Windows 10: Waking up after prolonged period of time brings up Bios POST

  1.    01 Sep 2016 #1

    Waking up after prolonged period of time brings up Bios POST


    This started happening within the last couple of weeks. Basically, sometimes when I put my computer to sleep and come back after a prolonged period of time, when I wake it back up it seems like the computer is rebooting - my BIOS Post screen comes up, and the system takes a little time to load.

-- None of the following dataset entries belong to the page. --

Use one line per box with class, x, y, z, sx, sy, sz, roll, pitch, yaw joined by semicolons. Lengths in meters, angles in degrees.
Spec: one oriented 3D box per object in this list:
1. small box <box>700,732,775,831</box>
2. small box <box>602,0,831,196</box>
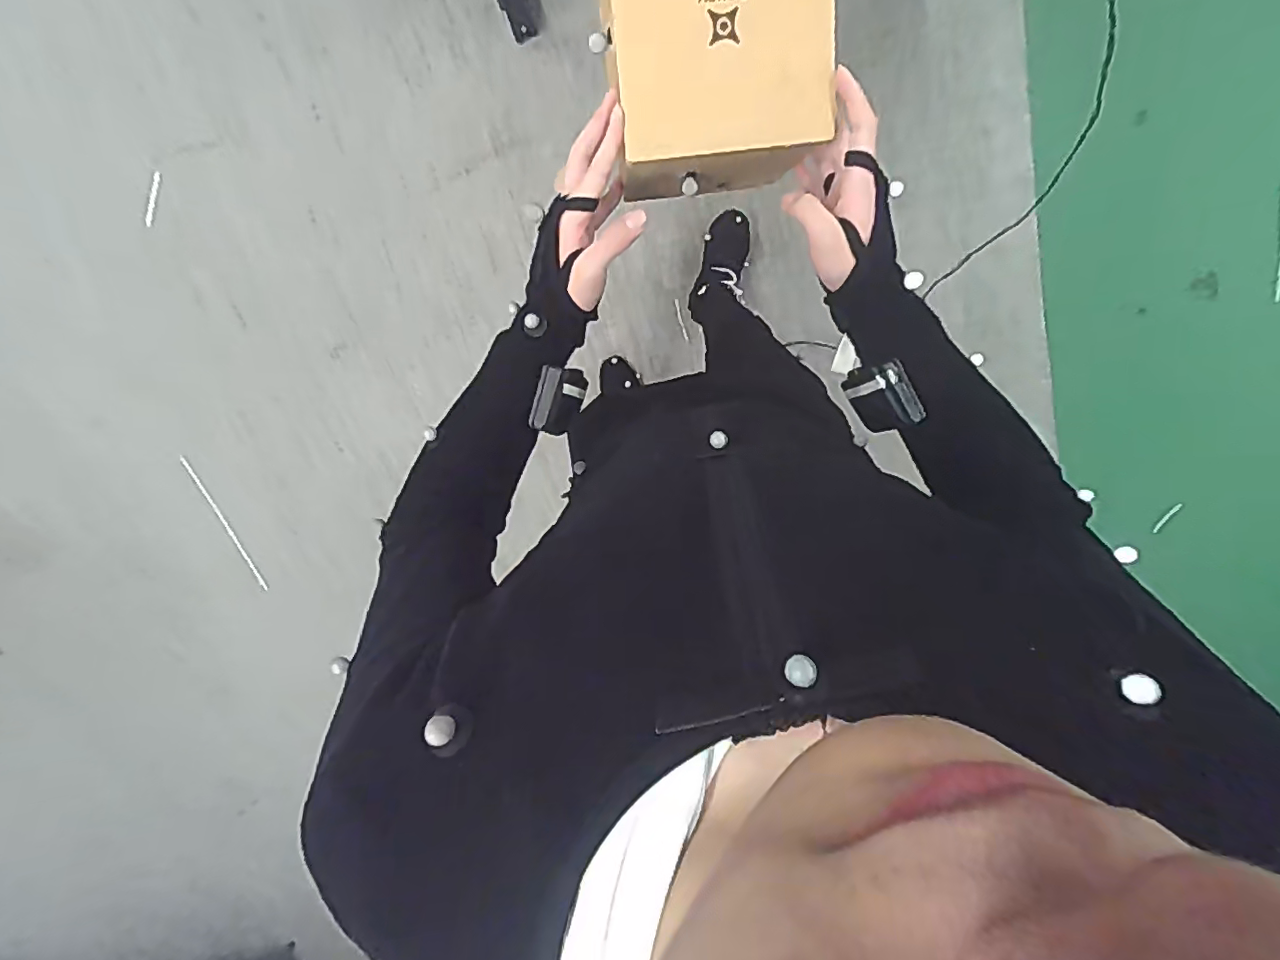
small box;0.269;0.840;1.527;0.168;0.176;0.179;-11;107;2
small box;0.057;-0.362;0.475;0.168;0.176;0.179;-7;107;-1
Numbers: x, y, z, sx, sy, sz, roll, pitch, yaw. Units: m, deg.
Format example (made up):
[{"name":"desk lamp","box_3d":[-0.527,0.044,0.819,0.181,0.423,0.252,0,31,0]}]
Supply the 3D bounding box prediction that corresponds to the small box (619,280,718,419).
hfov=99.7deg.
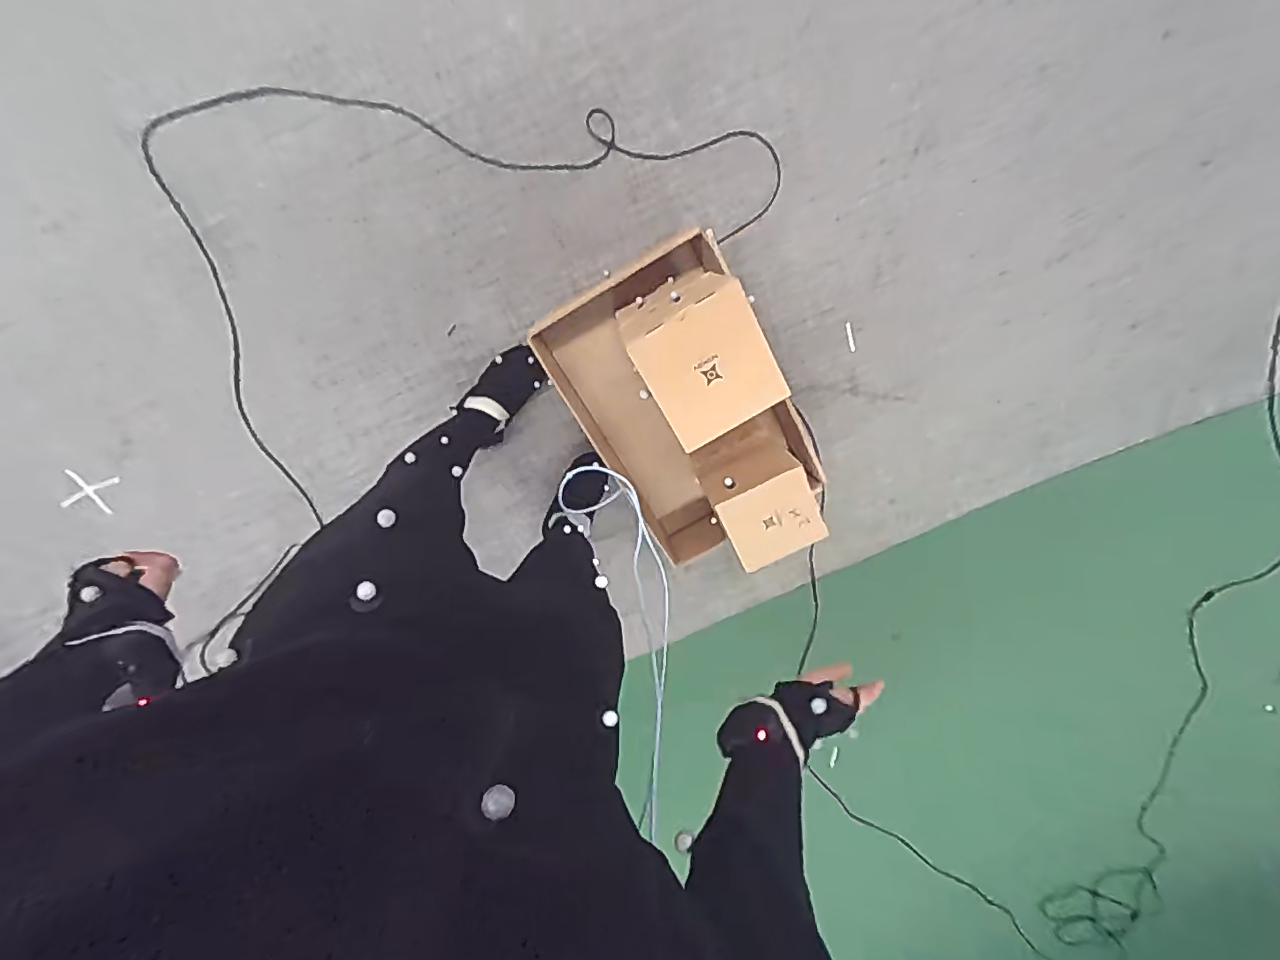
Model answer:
[{"name":"small box","box_3d":[0.071,-0.231,0.938,0.168,0.176,0.179,-25,113,5]}]

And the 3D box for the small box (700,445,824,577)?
[{"name":"small box","box_3d":[0.229,0.054,1.066,0.179,0.176,0.168,-26,113,3]}]

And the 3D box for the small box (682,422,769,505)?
[{"name":"small box","box_3d":[0.206,-0.019,1.213,0.168,0.176,0.179,-25,112,4]}]

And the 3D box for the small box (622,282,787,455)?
[{"name":"small box","box_3d":[0.086,-0.170,0.789,0.168,0.176,0.179,-29,111,7]}]

However, when I log in everything is exactly how it was when I put the computer to sleep (all my applications are open and in the same place, etc.)

    If I put my computer to sleep and immediately wake it up, this does not happen.

    This is a problem, though, because I dual boot my system in to both Windows 10 and Linux, and the Linux is the default boot option. So after my POST screen, if I'm not there to select the Windows boot option the system boots up in to my Linux install.

    I haven't installed anything new on my system, although I think Windows pushed an update recently.

    There are no problems when I'm using the system (i.e. it never just randomly restarts while I'm using it or anything like that).

    Any ideas? Thanks
      My ComputerSystem Spec


  2. Posts : 3,596
    Mac OS Sierra
       01 Sep 2016 #2

    If the OEM Logo comes up, sounds like your CMOS battery is going bad. Change out the battery. Also make sure your bios is up to date.
      My ComputerSystem Spec

  3.    02 Sep 2016 #3

    Interesting. I'll replace the battery and see if the behavior changes. Mobo isn't that old (only maybe about 2 yrs), but I guess who knows about the condition of the battery when I got it.
      My ComputerSystem Spec


  4. Posts : 3,596
    Mac OS Sierra
       03 Sep 2016 #4

    DGalt said: View Post
    Interesting. I'll replace the battery and see if the behavior changes. Mobo isn't that old (only maybe about 2 yrs), but I guess who knows about the condition of the battery when I got it.
    The CMOS battery's can go bad at any point. If it came with one installed, the manufacturers buy the batteries in large lots and they are always going to be from the cheapest manufacturer.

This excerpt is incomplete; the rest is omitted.